Docu

En attendant les nanomerguez de carbone…

C’est le dernier avatar de l’industrialisation des animaux : identifier chaque animal, savoir de quel élevage il provient, ce qu’il a mangé le 29 février dernier. Le puçage par ce gadget qu’on appelle RFID (pour Radio Fréquence Identification) est en train de se généraliser pour chaque être vivant. C’est aussi la fin des pâturages tranquilles, de l’estive, des bergers qui couraient la montagne que racontent Antoine Costa et Florian Pourchi dans leur documentaire Mouton 2.0 – La Puce à l’oreille1. Les « industriels de la production animale » comme préfère les nommer Jocelyne Porcher, ancienne éleveuse et aujourd’hui penseuse de la cause animale2, veulent plus de rentabilité, de contrôle. Les éleveurs de la Drôme ou des Alpes-de-Haute-Provence, eux, souhaitent perpétuer une relation entre l’homme et son troupeau. Ils ne sont pas sur le déclin, certains sont même très jeunes et fiers de produire de la viande de qualité, provenant de bêtes qui mangent encore de l’herbe. Le contraste est saisissant quand on voit ces fameuses vaches à hublot qu’un chercheur malicieux de l’Institut national de recherche agronomique (Inra) présente à l’écran. On le voit enfourner sa main dans la panse de la vache et en retirer une mixture chaude comme s’il accomplissait un geste de chirurgien.

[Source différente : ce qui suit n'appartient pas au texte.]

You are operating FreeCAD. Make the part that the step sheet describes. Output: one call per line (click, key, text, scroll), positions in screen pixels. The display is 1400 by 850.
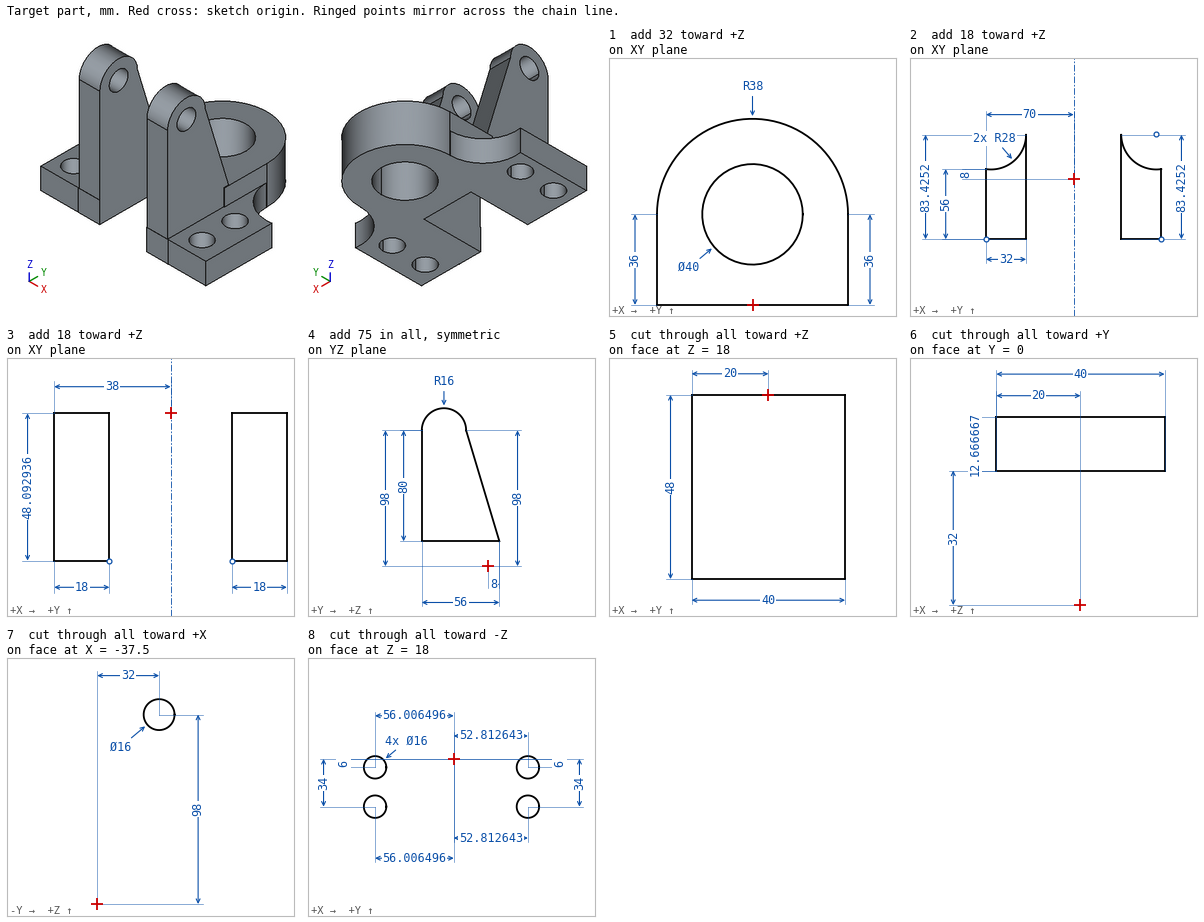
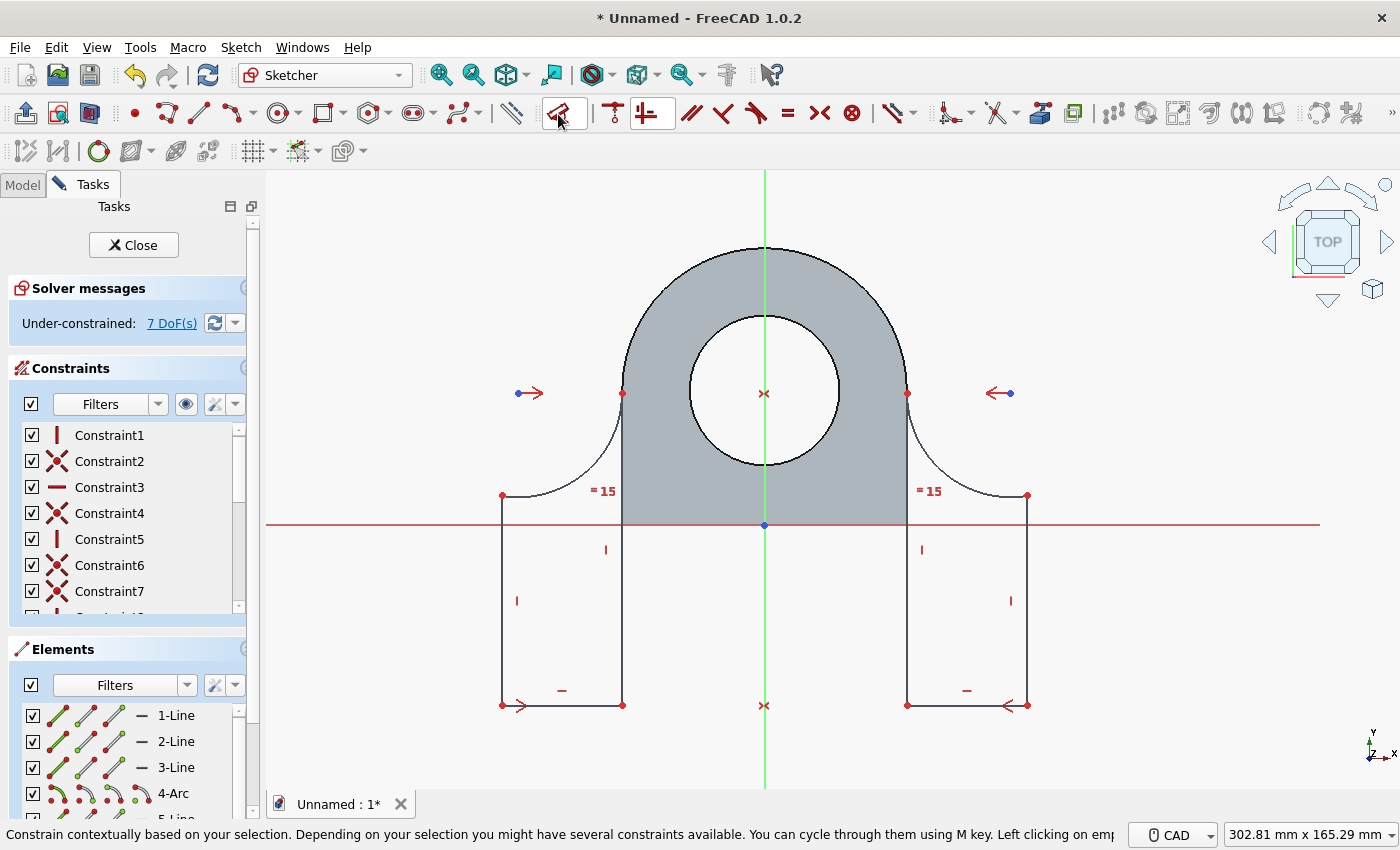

Il y a bien un monde entre ces messieurs des instituts de l’élevage, des chambres d’agriculture et celui d’hommes et de femmes ayant choisi de cultiver la campagne, d’élever des animaux en leur prodiguant des soins homéopathiques comme le feraient des parents aimants. Ces paysans connaissent leur métier, leur terre mais savent aussi leur légitimité. Face à eux, la loi des consortiums et des grosses sociétés alimentaires épaulés par des entreprises high tech comme le Pôle de traçabilité de Valence (Drôme) qui commercialise des puces RFID, et dont le patron nous explique les aspects commerciaux novateurs. Dans la montagne, les bergers poussent leur troupeau, renouent avec des peurs ancestrales, guident des bêtes sur des pentes abruptes. À Reillanne (Alpes-de-Haute-Provence) ou Vachères en Quint (Drôme), des éleveurs disent leur opposition à la technocratie. Ces combats contre la vaccination ovine, la fièvre catarrhale et maintenant le puçage ne font la une d’aucun grand magazine. Les régimes minceur et l’épilation du maillot remplacent la tonte. Mieux vaut ne rien savoir sur les merguez qu’on va griller cet été, sauf à connaître leur origine… en cas de pandémie ! Comme le dit cet éleveur de Limans (Alpes-de-Haute-Provence), « traçabilité ne veut pas dire qualité ». Il s’agit juste pour la filière viande de faire croire qu’on peut élever des animaux sans les traiter comme des êtres vivants, repérer un lot quand il est défectueux, et l’éliminer comme ce fut le cas pour la vache folle.

Ils font peur, ces chercheurs, avec leur mine réjouie quand ils expliquent que pucés, les ovins peuvent être détectés dès leurs premières chaleurs pour être inséminés. On ne perd pas une minute. Sitôt que l’œstrus naît chez la brebis, elle est repérée pour servir de reproductrice. Et l’Inra de travailler main dans la main avec l’industriel prêt à commercialiser le prototype conçu.

Les éleveurs qui témoignent dans ce documentaire sont tellement à part dans ce monde vendu à la marchandise qu’ils sont juste un collectif sans nom, sans syndicat. Ils ne viennent d’aucun parti. Ils veulent rester maîtres de leur vie et de leur activité comme Antoine de Ruffray ou Alain Guibert. Contre eux, il y a cette société qui veut concentrer les bêtes dans du béton, rendre l’animal viande avant d’avoir vécu.


1 Mouton 2.0 – La Puce à l’oreille, documentaire d’Antoine Costa et de Florian Pourchi, Synaps collectif visuel, 2012.

2 Jocelyne Porcher, Vivre avec les animaux, La Découverte, 2011.